Let's backtrack a bit. After losing to Roman Reigns twice with the universal title at stake, including in the main event at WrestleMania, WWE trotted out the matchup again for the April 30 edition of SmackDown. Somewhat behind the scenes, though, the company started to build Cesaro as the next big threat to Roman. 

The stakes went beyond the title itself, because if Bryan lost again, he'd be "banished" from the blue brand. 

That's one way of saying the proverbial writing was on the wall—Bryan was going to lose and leave. 

Make no mistake, Reigns and Bryan are so good together that WWE could book that as a title match every week for a year and the two would find a way to make it interesting. Fans would still tune in for it, too. 

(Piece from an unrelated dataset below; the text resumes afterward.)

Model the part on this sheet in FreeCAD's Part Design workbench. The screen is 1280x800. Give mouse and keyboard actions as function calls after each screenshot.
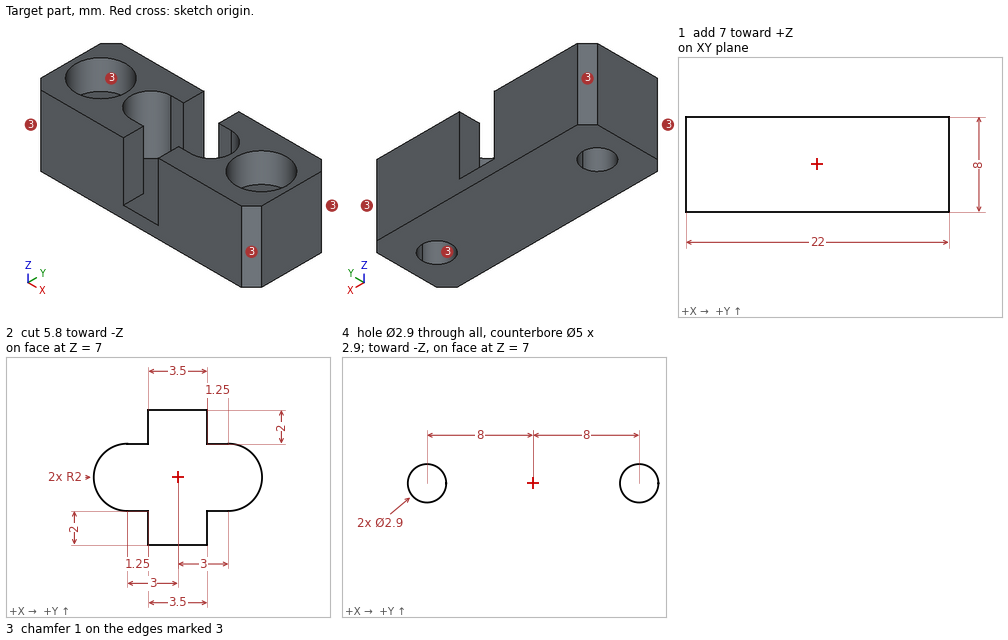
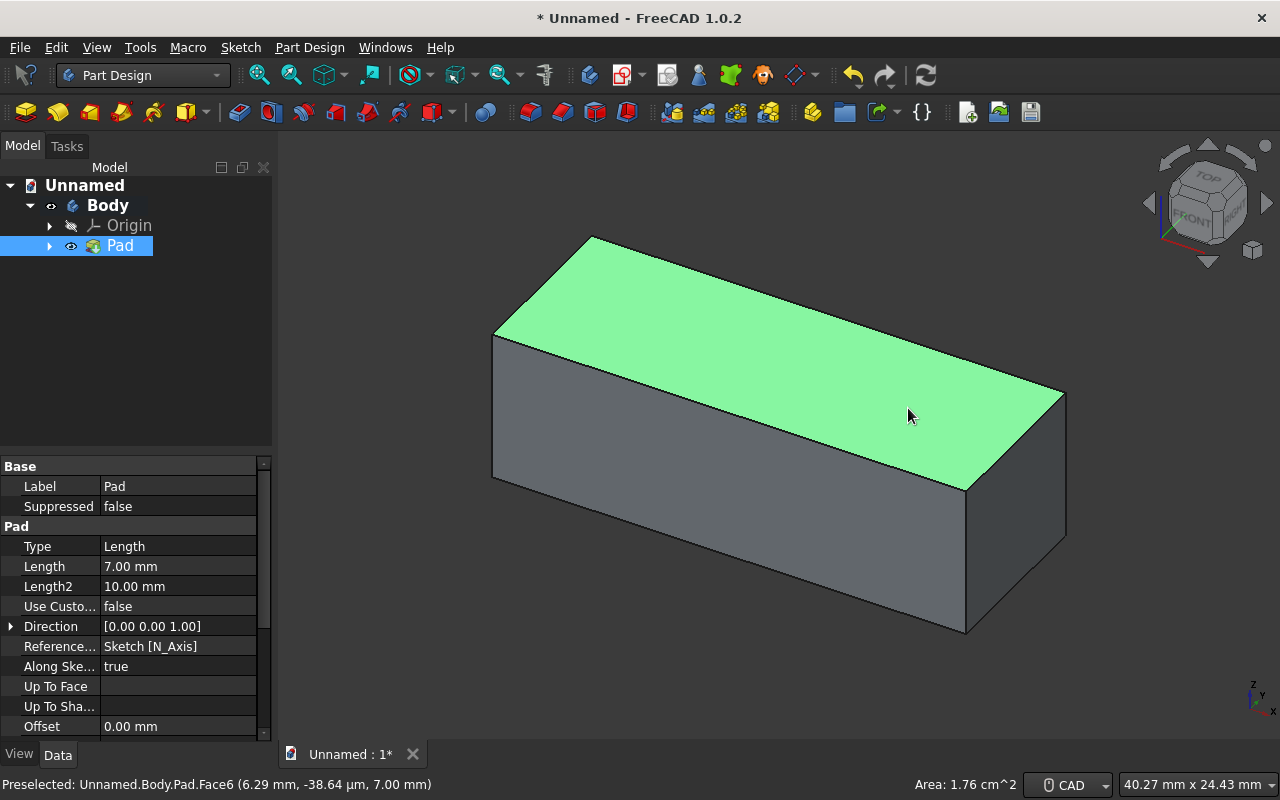
click(622, 76)

But this particular match clearly felt like a vehicle to get Bryan off the blue brand and over to Raw. And to the two Superstars' credit, they put on another classic, with Bryan technically losing because he passed out during a submission. 

Bryan going to Raw just makes way too much sense. The main-event scene is an absolute disaster on the red brand right now, in no small way thanks to WWE booking. Drew McIntyre lost his title right before Mania, which seemed to set him up for a big Mania moment and win in front of actual fans in the arena. 

Instead, McIntyre lost again. Which would have been fine given how good the match was and that it seemed to signal Bobby Lashley would get the same lengthy, quality title run that McIntyre himself got over the last year. 

Instead, WWE, has WWE'd again. McIntyre has been involved with this weird combo of T-BAR and MACE, members of a flop of a stable, plus Braun Strowman. Lashley is in there somewhere, too, all for a strange build to the Backlash pay-per-view. 

Want to know why WWE is going this route with its odd main-event scene right now, and risking major harm to McIntyre and Lashley? Because there isn't anyone else. AJ Styles is off doing tag stuff, Bray Wyatt's last title run was a disaster, and Keith Lee's push is on hold. 

And bringing over a different Superstar to help Raw wouldn't work, either. Maybe the best example, Seth Rollins, needs to stick on the blue brand for his inevitable Shield-infused feud with Roman. Moving somebody else just doesn't have as natural of an excuse as Bryan losing again

Plus—and most importantly of all—Bryan is just that good. 

Want a guy to keep McIntyre relevant long before he reclaims his title? That's Bryan. Want a guy to make champion Lashley look like a believable monster, and hated? It's all about Bryan, arguably the best in the business on the planet right now no matter what character and role WWE asks him to portray. 

Maybe this is giving WWE too much credit. Perhaps upon arrival, Bryan gets locked in a feud with former Retribution members for some reason (which he'd still somehow manage to make look good). But the obvious hints of "banishment" and Superstar movement sure seem to hint at bigger, much more important plans. 

That plan, no matter how it officially unfolds, needs to shift Bryan to Raw. He can be the headline star and recapture that lead-guy magic seemingly whenever he wants. He's not going to do that on SmackDown, not with the Reigns heel turn in its infancy and popping off better than even the wildest of expectations. 

In fact, it's almost funny WWE is suffering from the success of having the most talented roster in history by being able to creatively wiggle a guy like Bryan to a struggling brand. Funny, but also impossible to complain about, as fans know what Bryan will do when presented with the task.

It should go without saying, but this should be a one-off situation. WWE can't suddenly get trade-happy and hurt the integrity of brands. But Bryan is the jolt Raw desperately needs, and WWE creative has expertly opened the door that lets it happen organically.